Безыскусность весьма и весьма искусного Кено – меньше всего ненароком, по счастливой прихоти обстоятельств найденный прием. Она прямо вытекала из становления его мысли, поначалу крайне удрученной, так что и смех Кено от давал в ту пору мрачной ухмылкой отчаявшегося, напоминая желчный хохот Корбьера надо всем на свете, включая и себя. «Черный юмор» раннего Кено постепенно, однако, светлел по мере нелегко давшегося ему отстранения от мучительно занимавших его сперва конечных истин нашего земного существования, которые относят к «вечным вопросам» по причине их всегдашней неотвязности и всегдашней же неразрешимости до конца. Кто я, жалкая тварь или венец творения? Милостивые боги или злокозненные бесы повелевают вселенной? Или те и другие совместно, раз добро не возможно без зла, шум без тишины, жизнь без смерти, бытие без небытия? Кено, как свидетельствуют перебирающие чреду этих безответных «последних загадок» четверостишья его «Объяснения метафор», лично и очень болезненно выстрадал все злоключения ума, без толку бьющегося над квадратурой метафизического круга.
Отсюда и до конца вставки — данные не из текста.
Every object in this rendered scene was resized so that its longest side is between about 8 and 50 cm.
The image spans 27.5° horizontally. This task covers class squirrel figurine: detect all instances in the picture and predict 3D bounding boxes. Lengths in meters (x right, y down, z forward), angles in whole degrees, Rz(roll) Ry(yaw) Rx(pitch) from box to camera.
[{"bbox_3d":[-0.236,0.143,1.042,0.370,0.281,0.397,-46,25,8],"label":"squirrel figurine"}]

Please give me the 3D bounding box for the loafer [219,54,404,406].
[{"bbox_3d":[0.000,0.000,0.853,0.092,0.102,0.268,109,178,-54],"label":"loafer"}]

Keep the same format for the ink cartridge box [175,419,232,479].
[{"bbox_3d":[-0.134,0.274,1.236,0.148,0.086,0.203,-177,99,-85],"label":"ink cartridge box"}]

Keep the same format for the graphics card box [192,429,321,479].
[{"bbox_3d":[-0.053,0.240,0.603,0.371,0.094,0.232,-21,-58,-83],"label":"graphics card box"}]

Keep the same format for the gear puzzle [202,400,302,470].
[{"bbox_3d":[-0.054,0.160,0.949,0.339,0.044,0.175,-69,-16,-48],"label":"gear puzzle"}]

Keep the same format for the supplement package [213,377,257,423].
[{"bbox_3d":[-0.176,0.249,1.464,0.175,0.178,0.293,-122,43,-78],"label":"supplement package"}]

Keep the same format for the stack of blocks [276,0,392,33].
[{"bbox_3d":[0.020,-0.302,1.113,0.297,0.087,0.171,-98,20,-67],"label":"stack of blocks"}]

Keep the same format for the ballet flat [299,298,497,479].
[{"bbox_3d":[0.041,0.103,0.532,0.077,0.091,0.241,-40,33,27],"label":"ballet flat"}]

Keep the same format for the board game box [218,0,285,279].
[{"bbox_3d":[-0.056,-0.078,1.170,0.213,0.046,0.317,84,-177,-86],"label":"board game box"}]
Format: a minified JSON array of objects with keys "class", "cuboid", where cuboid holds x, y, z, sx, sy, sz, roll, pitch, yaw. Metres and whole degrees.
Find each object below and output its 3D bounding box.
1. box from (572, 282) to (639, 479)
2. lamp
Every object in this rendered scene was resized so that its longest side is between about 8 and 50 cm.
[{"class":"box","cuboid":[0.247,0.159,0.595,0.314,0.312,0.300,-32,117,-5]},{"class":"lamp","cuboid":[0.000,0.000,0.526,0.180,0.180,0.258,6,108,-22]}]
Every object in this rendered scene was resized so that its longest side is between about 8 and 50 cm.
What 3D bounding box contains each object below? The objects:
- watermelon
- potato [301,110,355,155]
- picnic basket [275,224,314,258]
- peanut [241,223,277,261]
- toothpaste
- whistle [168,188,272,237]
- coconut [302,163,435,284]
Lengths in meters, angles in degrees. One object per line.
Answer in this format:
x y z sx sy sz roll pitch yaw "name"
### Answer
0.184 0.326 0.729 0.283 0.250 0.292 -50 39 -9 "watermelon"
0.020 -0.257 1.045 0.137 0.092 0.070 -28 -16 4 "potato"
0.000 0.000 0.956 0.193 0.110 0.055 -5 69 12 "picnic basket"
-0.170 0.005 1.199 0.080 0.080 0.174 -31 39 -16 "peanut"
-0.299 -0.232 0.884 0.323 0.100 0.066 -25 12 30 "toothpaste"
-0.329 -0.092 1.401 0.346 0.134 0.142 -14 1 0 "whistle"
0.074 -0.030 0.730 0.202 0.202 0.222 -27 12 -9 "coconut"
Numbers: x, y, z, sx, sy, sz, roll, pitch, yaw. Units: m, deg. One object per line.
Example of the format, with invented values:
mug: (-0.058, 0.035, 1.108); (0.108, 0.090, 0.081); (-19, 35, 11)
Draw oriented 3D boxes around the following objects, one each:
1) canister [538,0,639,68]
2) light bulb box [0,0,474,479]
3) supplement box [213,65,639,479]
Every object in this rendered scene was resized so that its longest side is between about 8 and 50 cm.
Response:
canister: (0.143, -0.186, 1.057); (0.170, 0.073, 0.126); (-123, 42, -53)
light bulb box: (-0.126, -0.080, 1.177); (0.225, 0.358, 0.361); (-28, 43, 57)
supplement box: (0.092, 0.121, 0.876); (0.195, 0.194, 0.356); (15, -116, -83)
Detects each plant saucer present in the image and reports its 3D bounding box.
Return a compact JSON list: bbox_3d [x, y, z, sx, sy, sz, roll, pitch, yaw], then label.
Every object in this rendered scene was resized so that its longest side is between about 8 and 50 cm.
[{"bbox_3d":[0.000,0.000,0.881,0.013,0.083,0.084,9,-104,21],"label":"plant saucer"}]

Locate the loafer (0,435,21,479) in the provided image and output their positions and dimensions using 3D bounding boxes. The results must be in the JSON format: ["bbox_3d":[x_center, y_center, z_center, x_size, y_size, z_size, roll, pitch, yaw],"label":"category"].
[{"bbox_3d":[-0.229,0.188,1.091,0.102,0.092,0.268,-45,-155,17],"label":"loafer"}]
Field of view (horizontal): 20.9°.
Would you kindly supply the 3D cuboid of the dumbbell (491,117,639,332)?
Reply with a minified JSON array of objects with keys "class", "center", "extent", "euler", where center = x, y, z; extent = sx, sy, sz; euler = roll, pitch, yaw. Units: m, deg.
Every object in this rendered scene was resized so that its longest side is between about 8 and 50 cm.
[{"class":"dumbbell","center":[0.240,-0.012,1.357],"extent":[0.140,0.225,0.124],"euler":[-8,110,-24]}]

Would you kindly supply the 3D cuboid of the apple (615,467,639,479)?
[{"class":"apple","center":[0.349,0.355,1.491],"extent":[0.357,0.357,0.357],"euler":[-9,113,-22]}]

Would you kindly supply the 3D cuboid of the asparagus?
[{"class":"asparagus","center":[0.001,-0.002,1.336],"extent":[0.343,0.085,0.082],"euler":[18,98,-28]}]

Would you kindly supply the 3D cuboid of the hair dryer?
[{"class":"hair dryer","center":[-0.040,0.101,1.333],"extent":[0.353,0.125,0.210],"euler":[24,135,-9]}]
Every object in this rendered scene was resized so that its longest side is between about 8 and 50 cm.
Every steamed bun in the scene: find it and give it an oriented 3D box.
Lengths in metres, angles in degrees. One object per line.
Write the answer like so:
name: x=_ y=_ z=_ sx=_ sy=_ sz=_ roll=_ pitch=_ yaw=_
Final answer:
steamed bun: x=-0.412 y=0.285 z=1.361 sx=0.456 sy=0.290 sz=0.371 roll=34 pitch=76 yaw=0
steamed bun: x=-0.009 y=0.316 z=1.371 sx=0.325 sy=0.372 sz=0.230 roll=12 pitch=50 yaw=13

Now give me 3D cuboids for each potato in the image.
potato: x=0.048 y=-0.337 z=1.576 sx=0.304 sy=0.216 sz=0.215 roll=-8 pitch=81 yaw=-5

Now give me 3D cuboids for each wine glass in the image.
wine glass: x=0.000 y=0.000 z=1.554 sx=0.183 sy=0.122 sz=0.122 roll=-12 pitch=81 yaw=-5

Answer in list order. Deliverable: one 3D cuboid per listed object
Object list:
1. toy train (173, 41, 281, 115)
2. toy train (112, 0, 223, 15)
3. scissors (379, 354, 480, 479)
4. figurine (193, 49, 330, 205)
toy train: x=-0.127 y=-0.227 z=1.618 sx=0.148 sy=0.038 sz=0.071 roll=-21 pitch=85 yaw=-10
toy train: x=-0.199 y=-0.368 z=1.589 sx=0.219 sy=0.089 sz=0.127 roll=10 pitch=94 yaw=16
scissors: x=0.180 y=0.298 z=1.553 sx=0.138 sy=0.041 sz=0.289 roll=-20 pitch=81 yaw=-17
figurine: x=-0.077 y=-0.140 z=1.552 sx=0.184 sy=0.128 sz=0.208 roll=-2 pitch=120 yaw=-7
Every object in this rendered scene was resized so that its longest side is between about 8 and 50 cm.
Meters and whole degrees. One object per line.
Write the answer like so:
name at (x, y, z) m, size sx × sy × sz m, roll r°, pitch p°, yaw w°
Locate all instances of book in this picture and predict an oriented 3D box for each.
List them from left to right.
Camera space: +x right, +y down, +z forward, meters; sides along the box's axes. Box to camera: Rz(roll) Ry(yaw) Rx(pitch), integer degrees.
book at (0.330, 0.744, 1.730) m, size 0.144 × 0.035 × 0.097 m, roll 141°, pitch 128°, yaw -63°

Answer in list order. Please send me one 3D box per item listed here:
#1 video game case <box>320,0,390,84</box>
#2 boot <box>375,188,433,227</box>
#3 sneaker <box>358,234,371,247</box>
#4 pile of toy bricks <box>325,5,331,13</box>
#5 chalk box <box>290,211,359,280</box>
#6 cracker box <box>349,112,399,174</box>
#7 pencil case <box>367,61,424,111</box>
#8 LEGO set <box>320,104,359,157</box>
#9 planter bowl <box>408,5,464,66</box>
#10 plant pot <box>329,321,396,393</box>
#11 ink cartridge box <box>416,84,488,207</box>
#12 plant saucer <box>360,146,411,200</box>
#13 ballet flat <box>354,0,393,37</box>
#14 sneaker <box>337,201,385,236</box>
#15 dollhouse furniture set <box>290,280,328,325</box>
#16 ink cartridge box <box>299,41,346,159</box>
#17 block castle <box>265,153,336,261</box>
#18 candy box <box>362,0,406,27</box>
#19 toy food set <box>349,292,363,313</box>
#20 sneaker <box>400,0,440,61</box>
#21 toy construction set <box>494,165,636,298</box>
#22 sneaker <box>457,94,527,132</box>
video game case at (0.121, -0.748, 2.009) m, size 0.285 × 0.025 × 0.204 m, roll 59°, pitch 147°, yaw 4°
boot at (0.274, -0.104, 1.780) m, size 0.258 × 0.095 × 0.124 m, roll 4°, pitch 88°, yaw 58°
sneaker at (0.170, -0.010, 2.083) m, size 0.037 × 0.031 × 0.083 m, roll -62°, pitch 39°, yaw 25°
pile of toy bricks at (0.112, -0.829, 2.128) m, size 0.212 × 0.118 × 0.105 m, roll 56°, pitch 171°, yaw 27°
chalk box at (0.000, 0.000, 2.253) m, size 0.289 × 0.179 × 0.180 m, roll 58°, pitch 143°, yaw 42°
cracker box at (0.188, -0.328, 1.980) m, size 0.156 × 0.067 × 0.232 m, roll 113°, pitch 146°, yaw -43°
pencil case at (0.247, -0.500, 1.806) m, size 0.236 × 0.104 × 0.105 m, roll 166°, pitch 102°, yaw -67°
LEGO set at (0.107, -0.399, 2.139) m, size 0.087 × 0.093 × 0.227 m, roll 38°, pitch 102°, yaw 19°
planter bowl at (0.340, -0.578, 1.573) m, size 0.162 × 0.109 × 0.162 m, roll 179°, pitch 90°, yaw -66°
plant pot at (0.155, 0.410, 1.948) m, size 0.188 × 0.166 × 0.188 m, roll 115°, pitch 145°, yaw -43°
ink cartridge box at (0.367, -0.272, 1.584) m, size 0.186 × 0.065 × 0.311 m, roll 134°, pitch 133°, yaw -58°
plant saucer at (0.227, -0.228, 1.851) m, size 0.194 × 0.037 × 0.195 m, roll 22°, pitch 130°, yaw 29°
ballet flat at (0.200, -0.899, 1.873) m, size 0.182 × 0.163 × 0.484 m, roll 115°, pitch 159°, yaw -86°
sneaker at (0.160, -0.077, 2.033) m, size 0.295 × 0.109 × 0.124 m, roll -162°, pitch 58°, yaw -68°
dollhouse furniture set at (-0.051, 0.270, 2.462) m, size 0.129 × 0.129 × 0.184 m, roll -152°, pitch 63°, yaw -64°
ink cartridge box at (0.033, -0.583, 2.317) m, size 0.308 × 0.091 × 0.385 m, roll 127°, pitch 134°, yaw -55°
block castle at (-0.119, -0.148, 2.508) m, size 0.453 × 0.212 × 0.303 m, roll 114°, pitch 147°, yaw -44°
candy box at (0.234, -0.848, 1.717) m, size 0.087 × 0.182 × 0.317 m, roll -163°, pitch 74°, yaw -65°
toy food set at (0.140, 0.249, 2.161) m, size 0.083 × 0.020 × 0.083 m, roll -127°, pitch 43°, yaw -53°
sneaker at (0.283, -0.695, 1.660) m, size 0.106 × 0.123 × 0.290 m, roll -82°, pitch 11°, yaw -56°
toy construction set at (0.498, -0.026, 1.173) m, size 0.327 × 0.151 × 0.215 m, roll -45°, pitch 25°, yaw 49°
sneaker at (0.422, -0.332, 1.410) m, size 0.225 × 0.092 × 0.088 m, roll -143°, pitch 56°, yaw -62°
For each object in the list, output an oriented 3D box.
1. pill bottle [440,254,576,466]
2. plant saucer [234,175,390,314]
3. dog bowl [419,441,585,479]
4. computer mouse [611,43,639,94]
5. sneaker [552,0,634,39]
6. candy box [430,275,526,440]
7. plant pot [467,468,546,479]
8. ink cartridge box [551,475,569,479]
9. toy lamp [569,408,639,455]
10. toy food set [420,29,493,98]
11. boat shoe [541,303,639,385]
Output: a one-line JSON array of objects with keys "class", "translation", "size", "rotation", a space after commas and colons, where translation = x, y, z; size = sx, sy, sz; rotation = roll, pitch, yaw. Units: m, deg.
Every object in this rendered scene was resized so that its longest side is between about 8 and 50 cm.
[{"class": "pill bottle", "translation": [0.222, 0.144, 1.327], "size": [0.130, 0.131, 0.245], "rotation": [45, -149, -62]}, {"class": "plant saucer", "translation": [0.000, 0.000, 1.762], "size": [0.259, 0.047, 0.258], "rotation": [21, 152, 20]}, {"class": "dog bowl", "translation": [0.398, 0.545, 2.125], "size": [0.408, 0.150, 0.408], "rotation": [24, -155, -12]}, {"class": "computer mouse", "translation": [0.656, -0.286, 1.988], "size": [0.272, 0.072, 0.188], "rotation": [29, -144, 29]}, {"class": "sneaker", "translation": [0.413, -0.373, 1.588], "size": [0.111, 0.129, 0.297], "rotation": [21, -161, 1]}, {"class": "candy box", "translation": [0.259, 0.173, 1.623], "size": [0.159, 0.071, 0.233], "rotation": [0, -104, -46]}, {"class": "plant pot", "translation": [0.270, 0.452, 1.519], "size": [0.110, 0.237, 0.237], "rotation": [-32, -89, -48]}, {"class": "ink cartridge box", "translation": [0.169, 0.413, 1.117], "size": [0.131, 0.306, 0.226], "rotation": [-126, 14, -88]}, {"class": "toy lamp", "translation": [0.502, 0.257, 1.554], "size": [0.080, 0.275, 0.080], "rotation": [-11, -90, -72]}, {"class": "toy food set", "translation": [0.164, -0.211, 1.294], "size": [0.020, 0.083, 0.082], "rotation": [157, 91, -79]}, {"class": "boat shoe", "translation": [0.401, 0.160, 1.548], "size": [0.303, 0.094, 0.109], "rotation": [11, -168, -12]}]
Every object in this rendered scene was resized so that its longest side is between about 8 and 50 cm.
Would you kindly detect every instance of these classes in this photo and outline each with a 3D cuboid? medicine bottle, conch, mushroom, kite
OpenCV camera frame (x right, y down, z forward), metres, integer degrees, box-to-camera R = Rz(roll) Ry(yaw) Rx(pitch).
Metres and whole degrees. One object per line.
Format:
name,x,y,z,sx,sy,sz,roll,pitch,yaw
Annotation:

И в конце концов настолько проникшегося жгучей неприязнью к своим блужданиям среди философических отвлеченностей, что она обернулась жаждой во что бы то ни стало – пусть ценой предписанного себе однажды строжайшего запрета думать о них иначе, чем в шутливом настрое, – избавиться от этой интеллектуальной напасти, взамен нащупав под ногами твердую почву забот и упований ближайших, обозримых, насущных.